The key idea of high-performance matrix multiplication on CPU is to develop a function that efficiently computes a sub-matrix of $C$. Then, by iterating over $C$ and applying this function to all non-overlapping sub-matrices, we can significantly speed up the entire matrix multiplication operation. For this, we, first, partition the matrix $C$ of shape $M \times N$ into smaller non-overlapping sub-matrices of shape $m_R \times n_R$, with $n_R \ll N$ and $m_R \ll M$. To calculate $C=AB$, we iterate over $C$ and compute each of its non-overlapping $m_R \times n_R$ sub-matrices as shown below:

The function that computes an $m_R \times n_R$ sub-matrix $\bar{C}$ of $C$ is called a kernel (aka. micro-kernel using BLIS notation). This function is the core of high-performance matrix multiplication. When we say a matrix multiplication algorithm is optimized for a specific CPU architecture, it usually refers to kernel optimization. For example, OpenBLAS contains kernels optimized for different CPU microarchitectures.

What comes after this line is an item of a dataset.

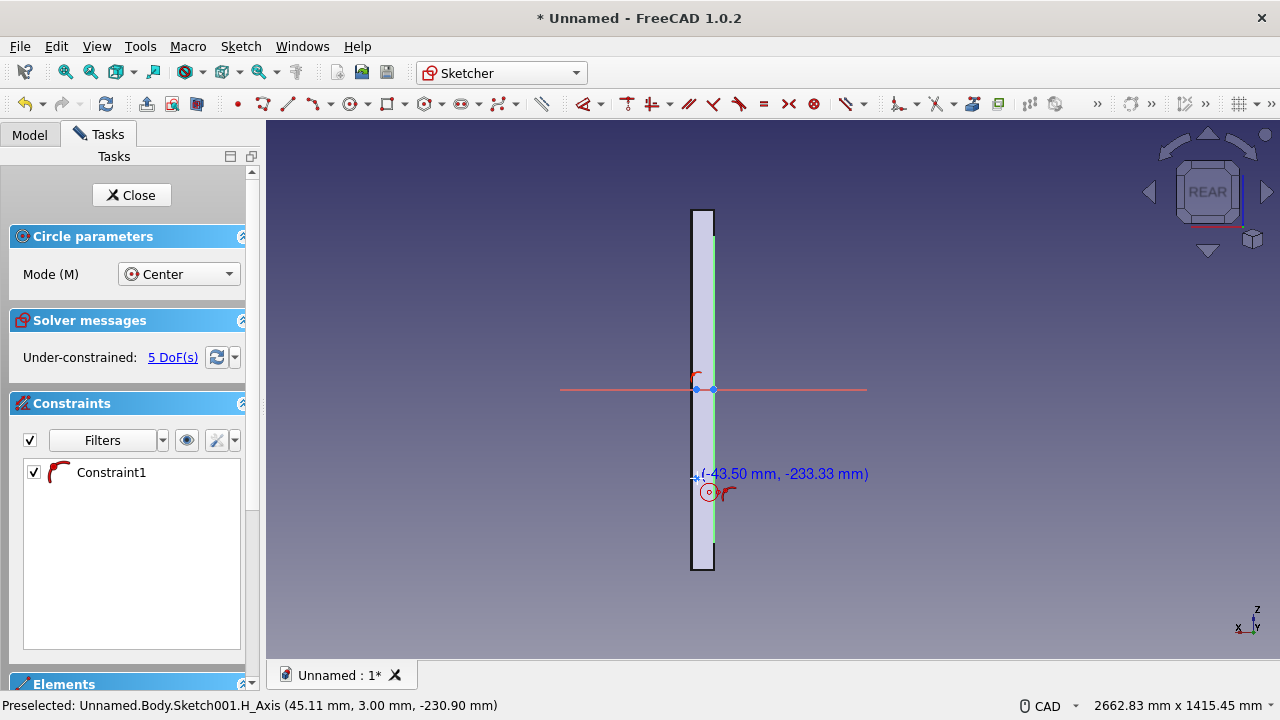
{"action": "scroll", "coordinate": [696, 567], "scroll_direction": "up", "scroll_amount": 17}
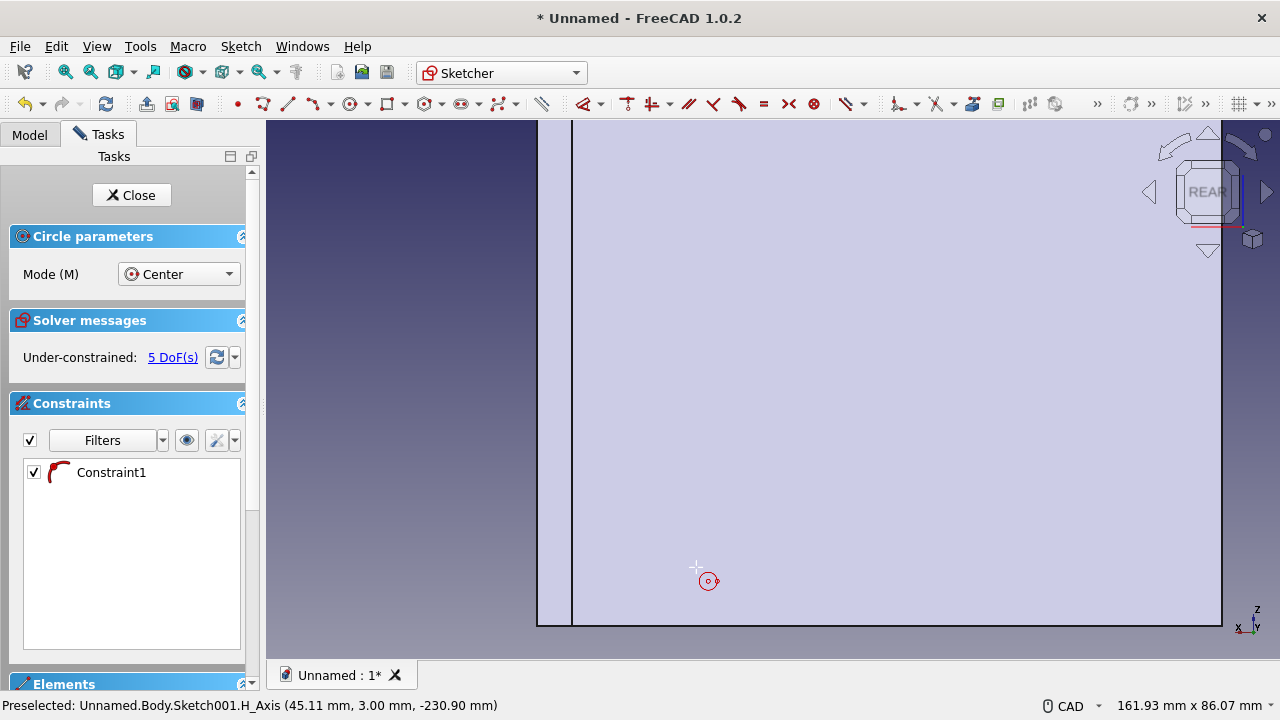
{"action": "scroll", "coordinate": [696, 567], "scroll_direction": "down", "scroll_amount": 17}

Let’s take a closer look at the kernel. To compute an $m_R \times n_R$ sub-matrix $\bar{C}$ of $C$, we need to multiply corresponding $m_R \times K$ sub-matrix $\bar{A}$ of $A$ with $K \times n_R$ sub-matrix $\bar{B}$ of $B$ as shown in the figure below:

If we were to do this in a naive manner using the dot product, we would need to fetch $2K$ elements from RAM to calculate a single element of $\bar{C}$ or $2K m_R n_R$ elements in total to compute $\bar{C}$. There is, however, an alternative strategy that can reduce the number of fetched elements.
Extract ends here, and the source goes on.